Ahora, como moderadores no tenemos poder alguno sobre las transacciones privadas que se realizan gracias al foro, nuestro máximo poder sería impedir al usuario usar el foro, cosa que no arregla nada, e intentar ponernos en contacto con él tendría el mismo efecto que si lo hicieras tu, ya que no tenemos un poder "real". Hacemos lo que está en nuestra mano para atajar estos problemas (con normas como la de lo 50 mensajes), pero una vez se producen, no hay nada que hacer por nuestra parte, porque tampoco hay nada que no permita hacer más.

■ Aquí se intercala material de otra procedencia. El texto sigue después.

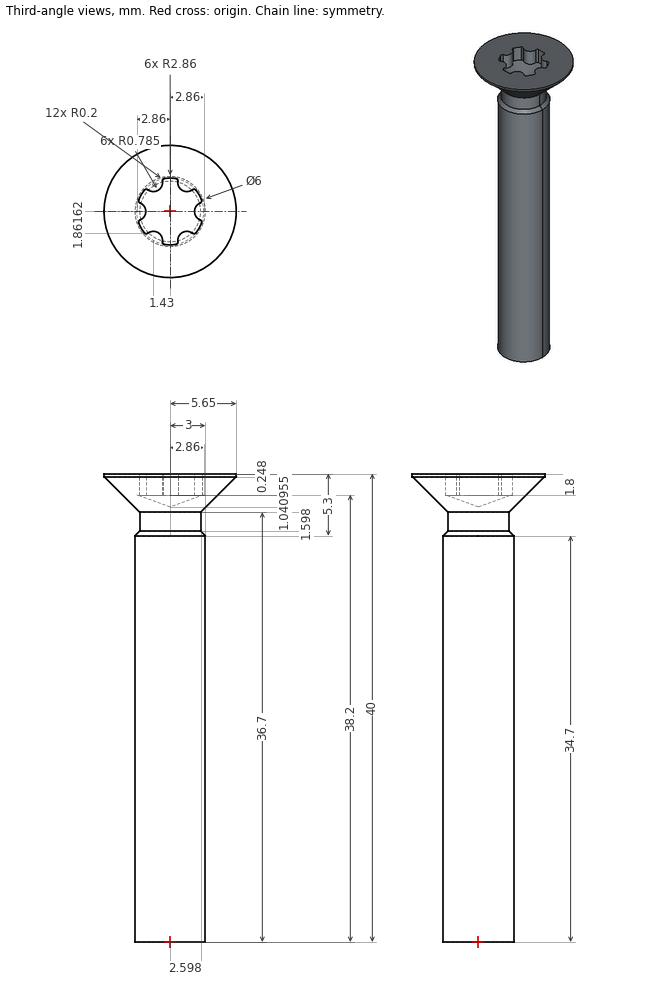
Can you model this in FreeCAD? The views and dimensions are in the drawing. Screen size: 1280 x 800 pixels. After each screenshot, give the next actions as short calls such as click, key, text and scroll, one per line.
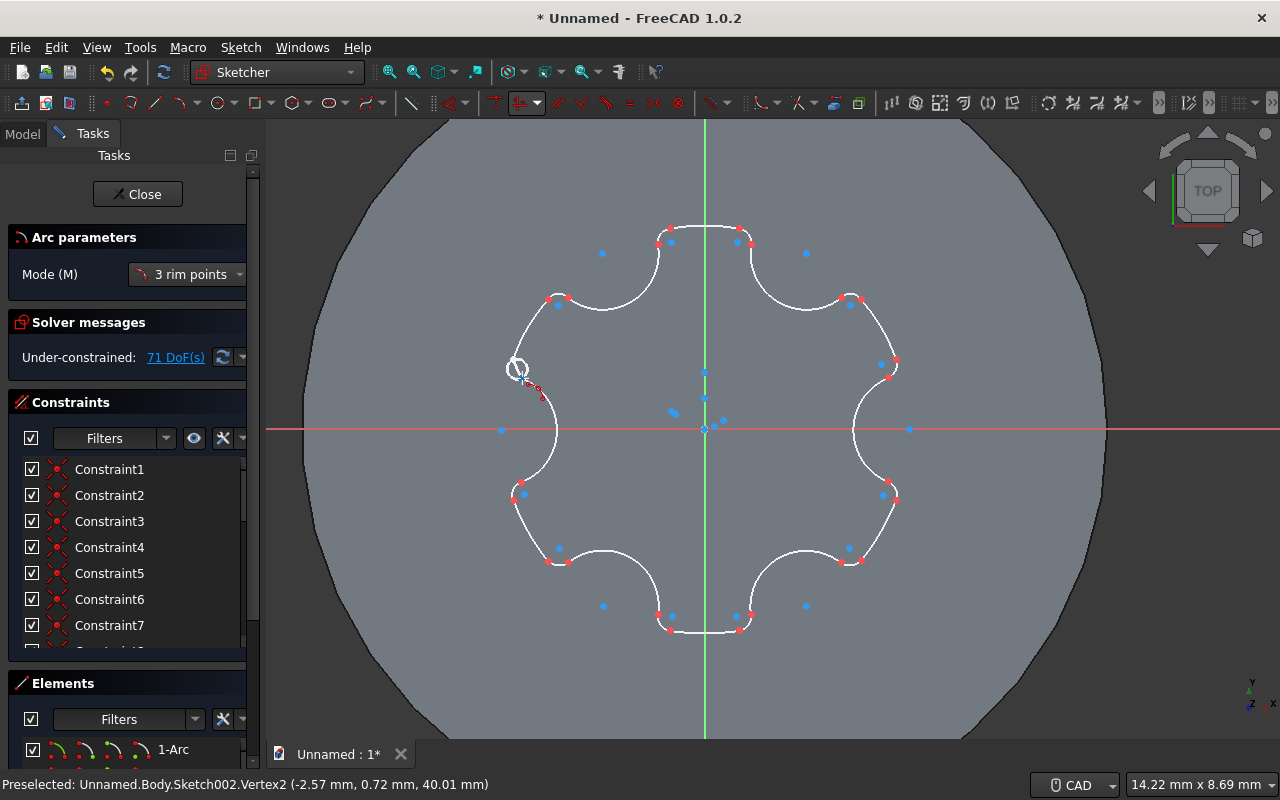
scroll(513, 370, up, 7)

Espero lo entiendas.

----------


## cholo

Hola, Ravenous.

Cierto es, que es triste lo que me ha sucedido con SERXU, aunque el calificativo que le daría sería de LAMENTABLE.  el comportamiento de este"personaje". Cobró creo recordar que 20 Euros, y NO ENVIÓ NADA. Por eso insisto cuando digo CUIDADO CON ESTE MIEMBRO.
Te envío un mensaje privado con mayor detalle.

----------


## serxu

Bueno, siento que haya habido tanto lío. Ya me he comunicado tanto con Cholo como con Ferrymagic para decirles que he devuelto el dinero que adeudaba, y como no, para explicarles el motivo de mi ausencia.

Entiendo que, como es lógico, nadie mas compre, así que una vez se confirme que Cholo y Ferrymagic han recibido su dinero correctamente, ruego den por cerrado el mensaje.

----------


## Ravenous

Cierro el tema, pues.

----------